§ Work instructions: In the entries below, repeat only the lines between those holding "What is the speed limit of this road?" and "what is the project", inclusive. Leave pictures out.

§ Task input:
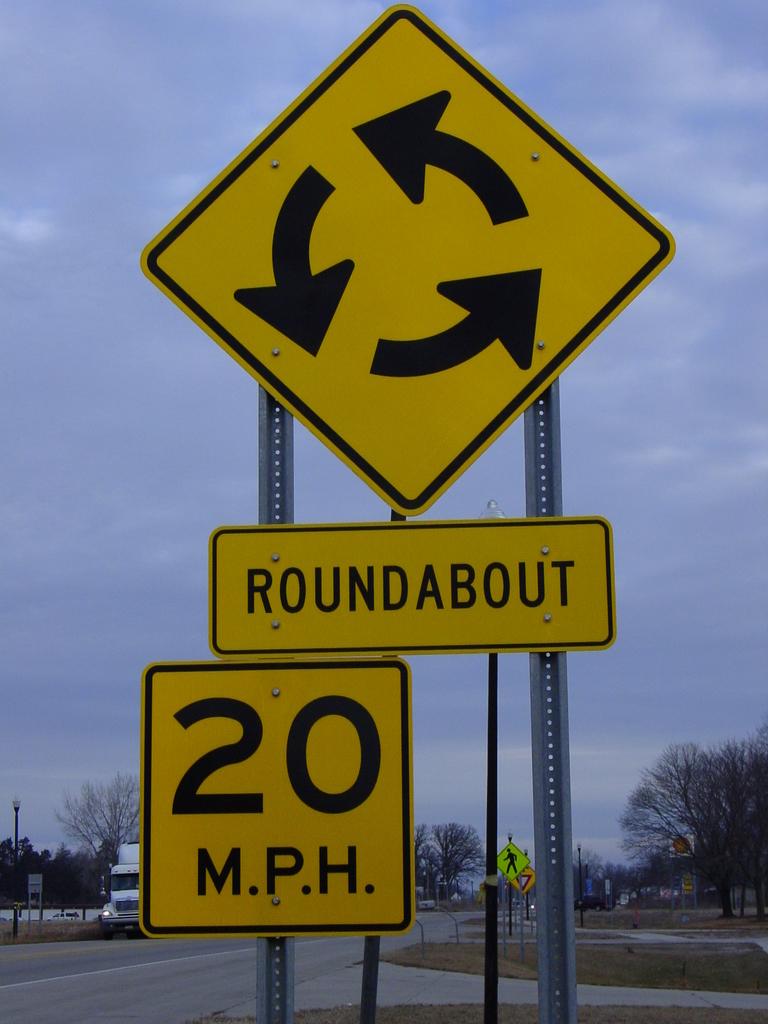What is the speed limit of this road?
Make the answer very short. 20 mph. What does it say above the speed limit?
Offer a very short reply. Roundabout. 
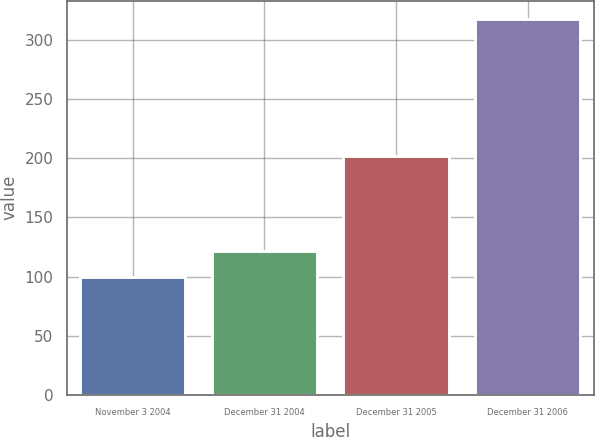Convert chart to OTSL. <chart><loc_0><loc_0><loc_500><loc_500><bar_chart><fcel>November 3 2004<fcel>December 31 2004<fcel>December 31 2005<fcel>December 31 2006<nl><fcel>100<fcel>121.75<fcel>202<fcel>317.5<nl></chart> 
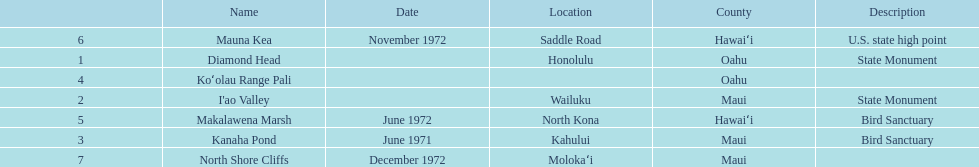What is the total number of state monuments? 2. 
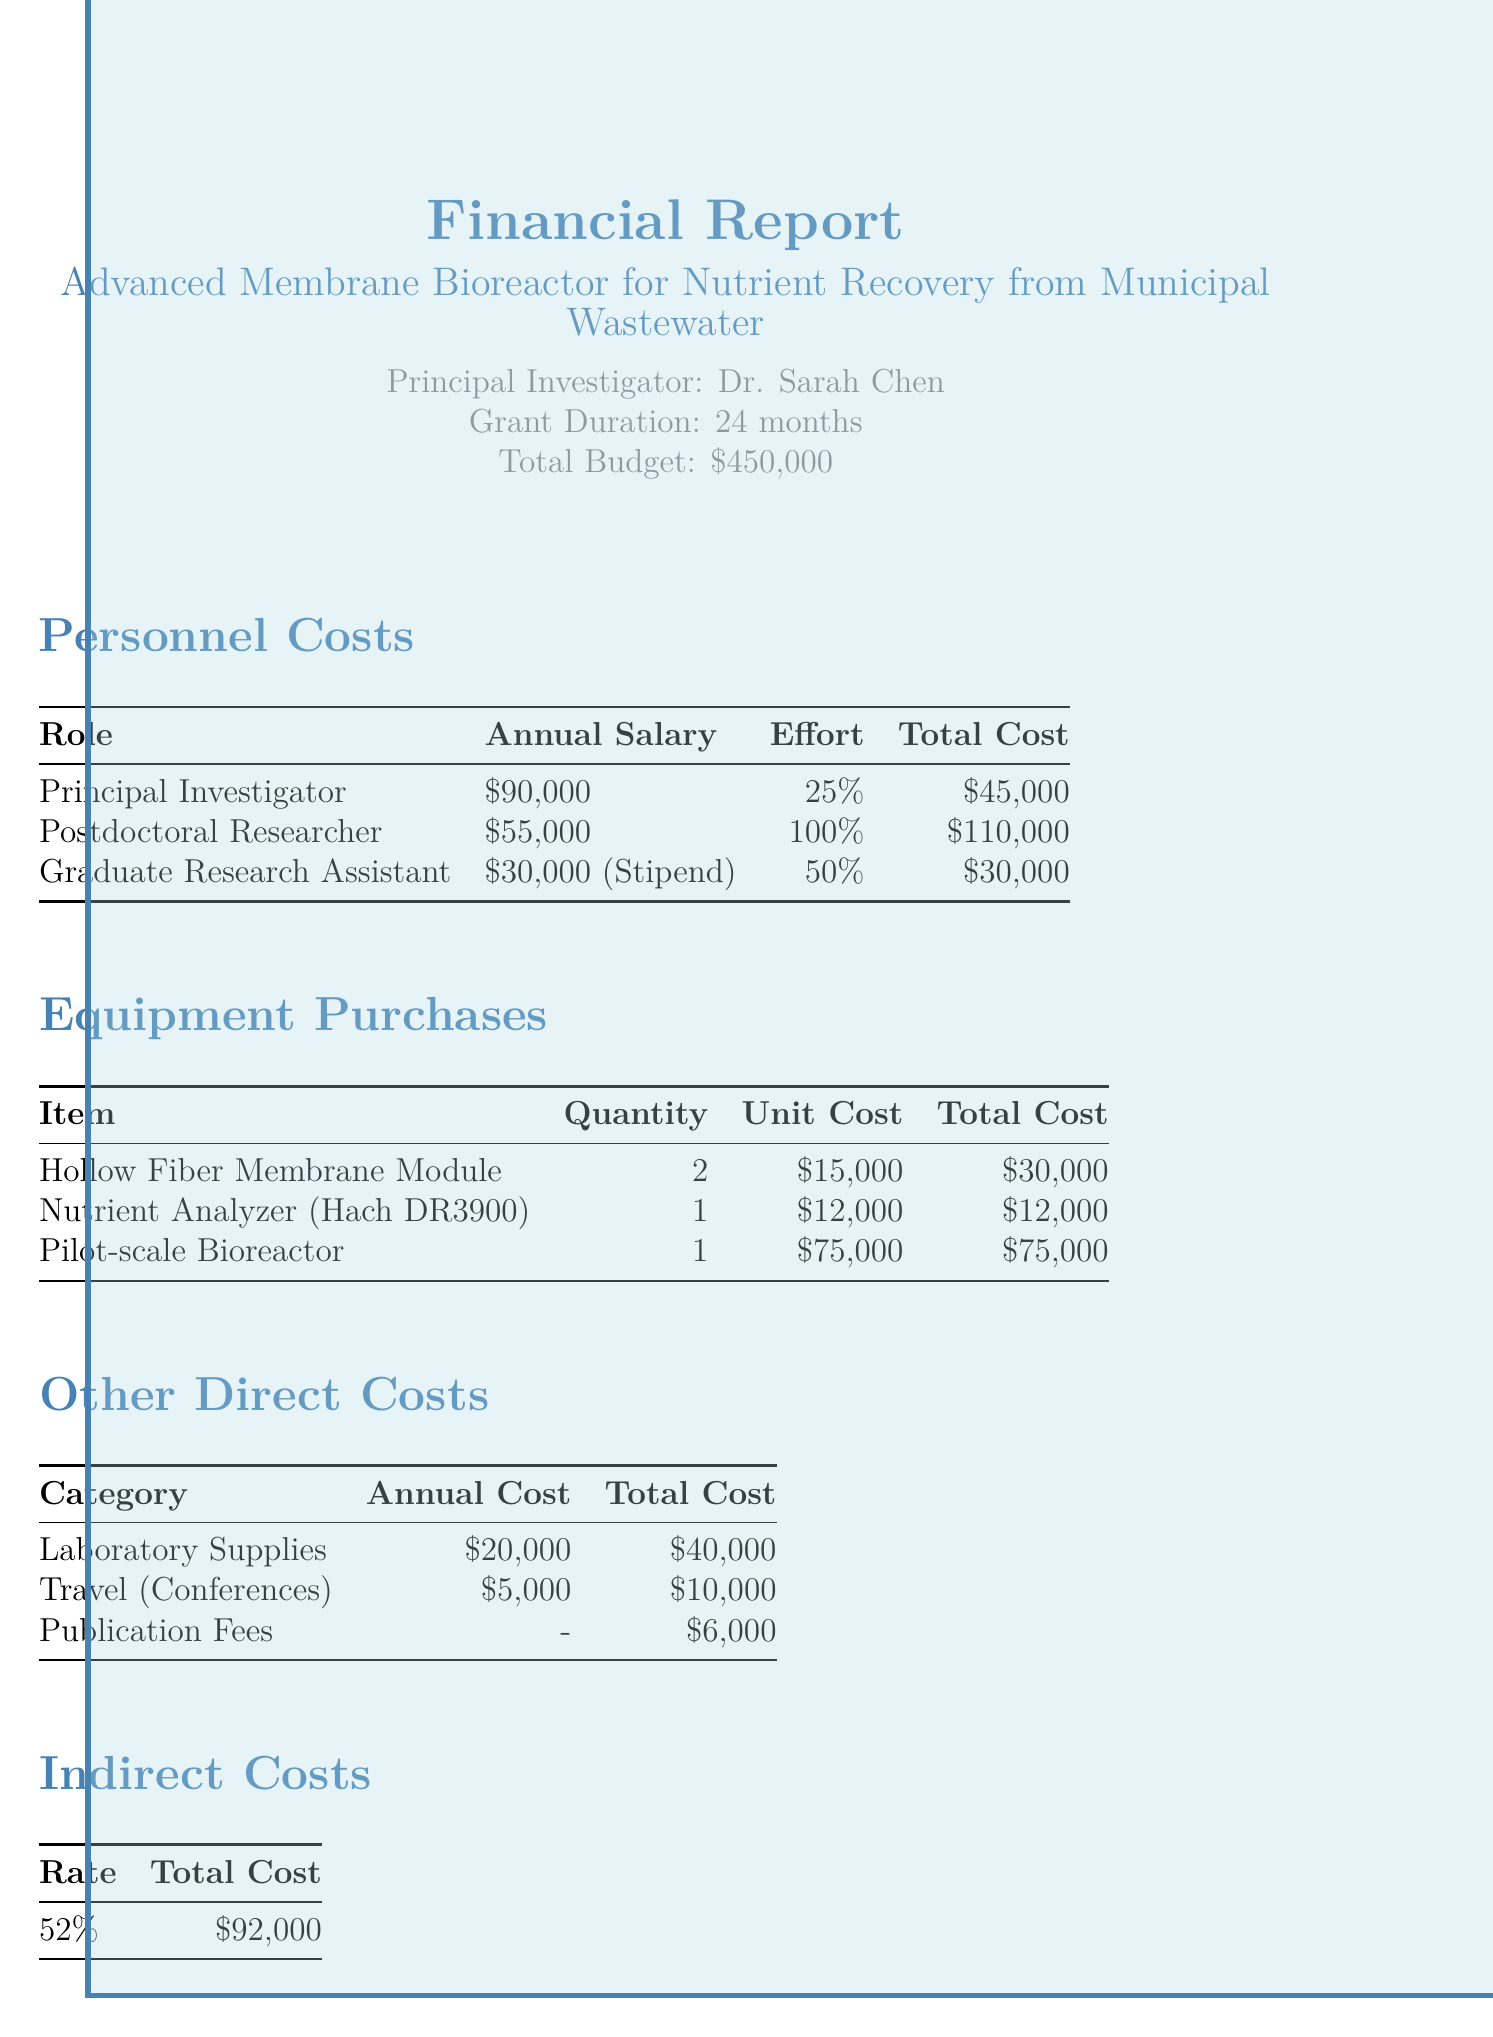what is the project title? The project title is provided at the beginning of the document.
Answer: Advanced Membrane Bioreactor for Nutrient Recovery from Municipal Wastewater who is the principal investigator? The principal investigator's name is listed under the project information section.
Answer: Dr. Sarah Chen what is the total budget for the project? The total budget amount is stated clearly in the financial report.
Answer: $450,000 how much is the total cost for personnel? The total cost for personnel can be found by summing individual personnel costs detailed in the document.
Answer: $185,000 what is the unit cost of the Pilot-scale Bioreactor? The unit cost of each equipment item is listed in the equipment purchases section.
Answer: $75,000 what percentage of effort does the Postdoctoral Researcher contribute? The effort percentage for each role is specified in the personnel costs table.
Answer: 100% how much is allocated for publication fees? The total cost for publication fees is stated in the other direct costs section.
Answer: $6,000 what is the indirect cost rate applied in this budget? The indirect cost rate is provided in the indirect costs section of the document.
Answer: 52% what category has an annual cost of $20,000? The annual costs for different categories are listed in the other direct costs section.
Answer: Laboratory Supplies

* * *

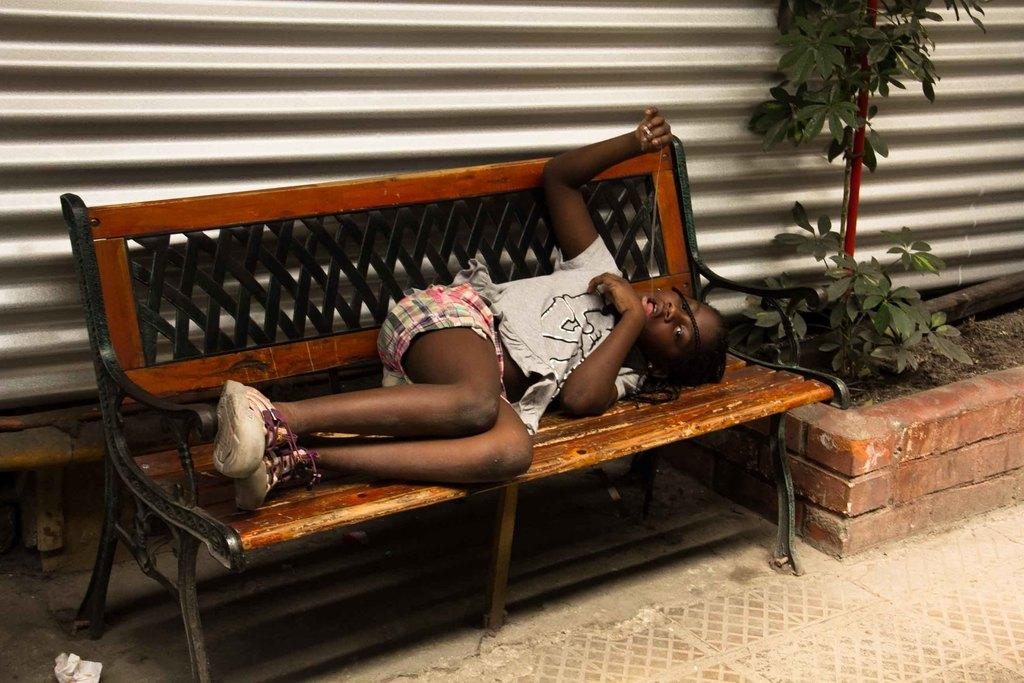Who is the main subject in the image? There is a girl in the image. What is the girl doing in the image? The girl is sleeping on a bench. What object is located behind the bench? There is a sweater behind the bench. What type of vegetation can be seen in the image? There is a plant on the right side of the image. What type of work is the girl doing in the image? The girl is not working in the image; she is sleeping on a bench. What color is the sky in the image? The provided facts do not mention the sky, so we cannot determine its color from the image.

§ Result below:
What is the speed limit of this road?
Make the answer very short. 20 mph. What does it say above the speed limit?
Offer a very short reply. Roundabout. 
Convert chart to OTSL. <chart><loc_0><loc_0><loc_500><loc_500><bar_chart><fcel>November 3 2004<fcel>December 31 2004<fcel>December 31 2005<fcel>December 31 2006<nl><fcel>100<fcel>121.75<fcel>202<fcel>317.5<nl></chart> 
What is the total number of state monuments? 2. 
what is the project title? The project title is provided at the beginning of the document.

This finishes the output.